Computers can also store lists in other ways. For
example, they can use arrays, which we talked about in the text. However,
they can also use *linked lists*. These are data structures where
each element of the list stores a *pointer* to the element before
it and the element behind it. Then if you have one particular element
of the list, you can move to the next element or the previous one.
This isn't very efficient for searching, but it can be much more
efficient for memory management.

Now let's suppose that we have a list of numbers in random order.
Is there any efficient way to search through this list? In this case,
the only reasonable way to search for something in a randomly ordered
list is to start at the beginning and go through the list one entry
at a time. Just as before, if you're given a random number and the
list has *N* entries, then on average it will take you *N/2*
tries to find the number. Also, if you had *M* different numbers
that you wanted to search for, this would take *M*N/2* tries,
on average. If *M* is a large number, then this is very inefficient.
How could we make this more efficient? One way is to take the list of
randomly ordered numbers and sort it so that we can use the algorithm
described above. Then after the list is sorted, performing
*M* searches will take approximately *M*log_2(N)* tries,
which is much more efficient.

- Can you think of an algorithm for sorting a list? Imagine taking a deck of cards and putting them in order. How would you do it? If you wanted to describe this precisely enough for a computer to do it, how would you describe it?
- If there are
*N*numbers in the list, about how long would it take to sort them? - You probably came up with an algorithm that takes about
*N*N*time to sort a list of length*N*. Can you come up with one that would take about time*N*log(N)*? (Hint: try using a divide and conquer technique.) - If you're interested, search for "search" (haha) with Google to find more algorithms for searching. You'll find much more information than you want :-)

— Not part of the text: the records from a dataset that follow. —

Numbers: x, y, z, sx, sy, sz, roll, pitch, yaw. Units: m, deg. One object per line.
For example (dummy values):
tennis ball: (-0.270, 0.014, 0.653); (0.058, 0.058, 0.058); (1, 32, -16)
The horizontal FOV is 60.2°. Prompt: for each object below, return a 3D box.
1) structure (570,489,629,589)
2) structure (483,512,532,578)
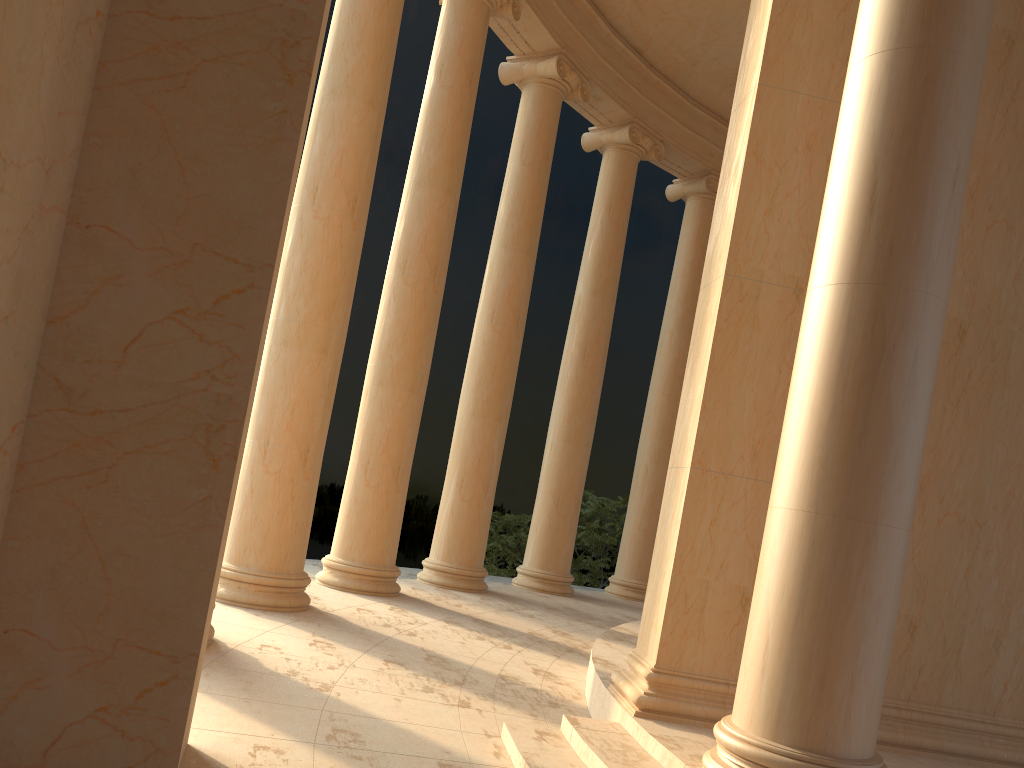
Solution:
structure: (154.736, 340.927, 1610.059); (247.391, 298.526, 238.353); (11, -4, -3)
structure: (-30.031, 308.898, 1518.032); (148.963, 187.719, 156.556); (10, -4, 6)

One reason the data structure might be called a tree is
that it's similar to a family tree of a bacteria that reproduces
asexually. A tree (in the data structure sense) is also similar to
a tree (in the plant sense), and much of the terminology referring
to trees comes from terminology referring to the plants. For example,
the words "branch, leaf, root, pruning, and grafting" all have a meaning
for either type of tree.

Now we'll talk a little bit about a more advanced method for
storing data that will make it easier to find numbers in a list that
are close to a certain number. The data structure that we were using
before was just a list of numbers, which we can picture as being on
a line. However, we can also use a "2-dimensional" data structure
called a **tree**. A tree is a special type of a **graph**,
which have been discussed in other Numb3rs episodes. A tree is
a collection of some *nodes*, and each node contains a piece
of data (a number, a word, etc.) and links to its *children*.
We can picture a tree as having multiple levels. On the first
(top) level, there is one node called the *root*. It has links
to one or two children, which are on the second level, and it doesn't
have a parent. The children of the root each can have 0, 1, or 2 children
themselves, and they can have children, etc. The picture is an example
of a unordered tree, where there doesn't have to be any relationship
between the parent's data and its children's data (in the picture the
data that each node stores is a number). However, the type of trees that
are useful for searching are ordered trees, where for each parent,
the number in the left child is less than the number in the parent,
which is less than the number in the right child. Now if you wanted to
search for numbers in a list which were close to a particular number,
you could put the list into a tree and then perform a search for that
number. Even if you don't find that particular number, you will end
up finding numbers that are close to that number in the list.

- If you had a list of numbers and wanted to put them into a tree data structure, how might you go about doing it?
- Can you think of any problems that might come up with your answer to the first question? (Hint: What would happen if the list of numbers was already in increasing order?)